At first glance, this seems to be what happened in the history, but if you look closely, you will find a different inside story. Anyone with a little common sense knows that agriculture may be self-taught, the threshold for industrialization is extremely high. Even if the Soviet Union has ten Stalins, it will be useless without technology, talents and funds.
It was the capitalists whom the Soviet Union identified as enemies, especially big American businessmen, who helped the Soviet Union break through those obstacles.
So why did the Soviet Union ask its “class enemies” to build industries for it? What happened to these industrialists later? Let’s talk about this topic today.
When the Soviet Union was established, the country had been devastated by wars, and the Soviet Union did not admit any foreign debt owed by the Tsarist government to the West. Its International credibility was bankrupt, and the Soviet Union was clearly hostile to the West in ideology, therefore it was blockaded by the West, and its economy was even worse.
By 1928, when the Soviet Union began to implement its first five-year plan, the Soviet Union’s entire economic scale was not only incomparable to that of the US, but even far inferior to that of Germany, which suffered war reparations. For the top leaders of the Communist Party of the Soviet Union at that time, the only way to break the blockade and strengthen the regime was to devote all their efforts to developing industry, especially heavy industry which was crucial to national defense. Therefore, heavy industry was spontaneously placed in the most important position. Putting aside the money and manpower for the development of heavy industry, as which Soviets could always solve with methods beyond the imagination of normal people, the most critical issue was who should be the teacher to break through the threshold of heavy industry.
They approached the Germans first.

As the defeated side in the World war I, Germany was also facing sanctions from Britain, France and other countries under the Treaty of Versailles, so it had a strong need to join forces with the Soviet Union. As early as 1922, the two countries signed the Treaty of Rapallo. After the treaty, Germany did provide a lot of support to the Soviet Union in the military field, but the progress in the military field alone was far from enough for the Soviet Union.
Moreover, soon after, the relationship between Germany and Britain and France tended to ease, and the Soviet Union was estranged. At this time, the Soviet Union still had to find another capitalist country.

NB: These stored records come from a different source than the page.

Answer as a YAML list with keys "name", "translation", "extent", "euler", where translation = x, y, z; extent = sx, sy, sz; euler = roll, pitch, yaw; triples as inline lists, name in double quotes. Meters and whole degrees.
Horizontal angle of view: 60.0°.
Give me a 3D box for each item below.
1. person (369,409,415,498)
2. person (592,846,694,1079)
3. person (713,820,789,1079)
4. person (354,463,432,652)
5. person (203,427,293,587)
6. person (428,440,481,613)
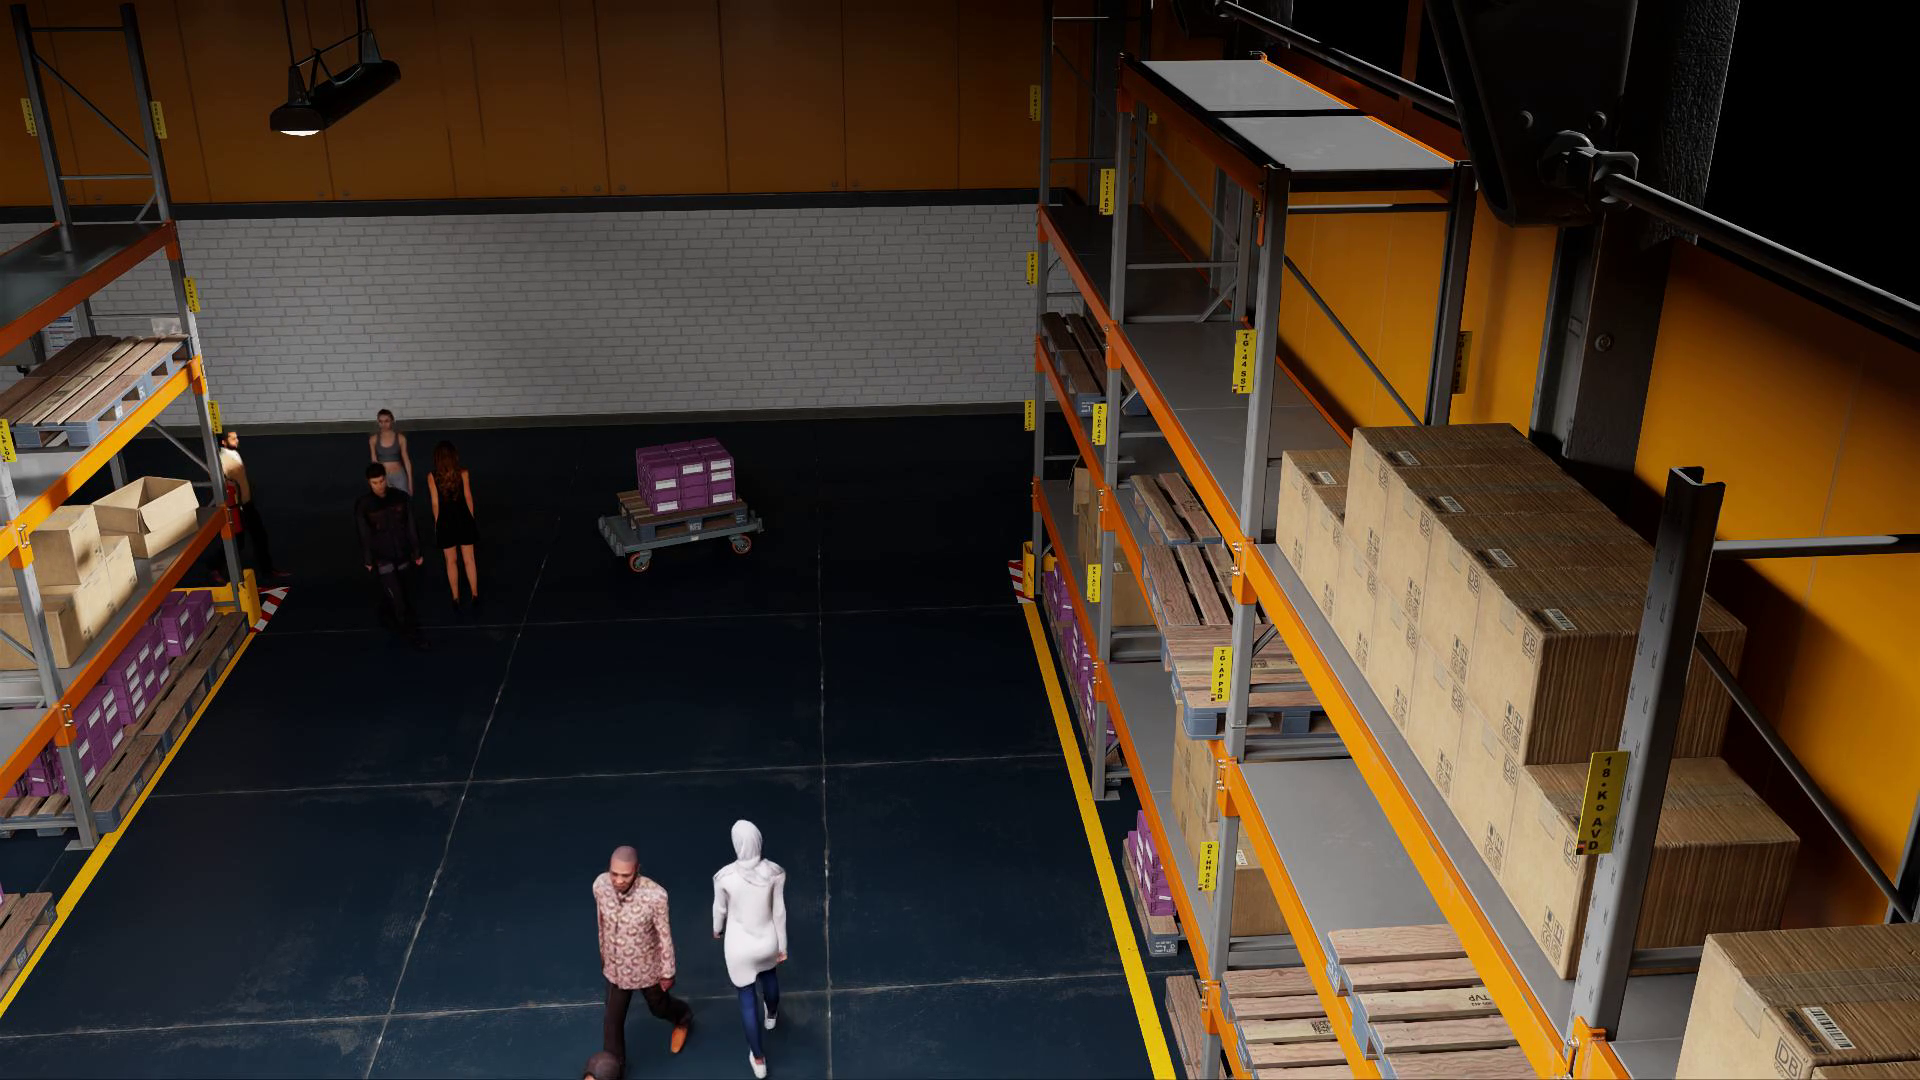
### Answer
- name: "person"
  translation: [-6.161, -0.645, 18.118]
  extent: [0.617, 1.696, 0.604]
  euler: [-4, 24, -10]
- name: "person"
  translation: [-2.003, 2.629, 10.521]
  extent: [1.010, 1.782, 1.282]
  euler: [7, 24, 15]
- name: "person"
  translation: [-1.310, 2.635, 10.546]
  extent: [0.708, 1.751, 0.969]
  euler: [-6, 24, -13]
- name: "person"
  translation: [-5.561, 0.120, 16.140]
  extent: [1.309, 1.880, 1.211]
  euler: [21, 31, 39]
- name: "person"
  translation: [-7.610, -0.320, 17.333]
  extent: [0.718, 1.729, 1.002]
  euler: [-2, 24, -4]
- name: "person"
  translation: [-5.097, -0.140, 16.791]
  extent: [0.632, 1.835, 0.608]
  euler: [-9, 25, -19]

To the surprise of many people, what the Soviet Union found was the US, the most powerful capitalist country at that time. As early as when Lenin implemented the New Economic Policy, the Soviet Union established the All-Russian Co Operative Society (ARCOS), secretly trading in Britain under the name of this company.
In 1924, the ARCOS successfully persuaded the pro-Soviet capitalist Armand Hammer of the US to establish the Amtorg (short for Amerikanskaya Torgovlya) Trading Corporation. Hammer transported food and medicine to the Bolsheviks during the Russian Civil War, which helped the Soviet a lot. Therefore, Lenin affectionately called him “Comrade Hammer”, completely regarding this capitalist as one of his own friend.

After the establishment of the Amtorg Trading Company, the number of employees gradually increased, and the branches were spread across major cities in the US. Hammer also made full use of his connections in the American business community to lobby some industrial and commercial capital giants to contribute to the Soviet industrialization.
For example, Ford, the American automobile tycoon, was originally a staunch anti-Bolshevik; even Ford could not resist Hammer's eloquence, so he signed an agreement with the Soviet Union in May 1929, agreeing to sell cars worth 30 million US dollars to the Soviet Union, and was willing to provide technology to build the world's largest automobile factory in Nizhny Novgorod, the Soviet Union. Ford, who was so generous, was like a living Buddha in the eyes of the Bolsheviks. Stalin also praised him and said that Ford was "one of the greatest industrialists in the world."

Shortly after Ford prepared to build a factory in the Soviet Union, the Great Depression broke out amid the stock market crash on Wall Street. The severity, duration and scope of this depression were rare in human history. In the US, many technicians could not find jobs, and many factories had no orders, even survival became a problem.
At this time, the Soviet Union was in urgent need of various technologies and talents. Since there was demand on one side and supply on the other, the two sides hit it off. Ford's automobile factories in the Soviet Union were expanding day by day, and all the old factories in Moscow and Yarovslar were upgraded with the latest machine tools.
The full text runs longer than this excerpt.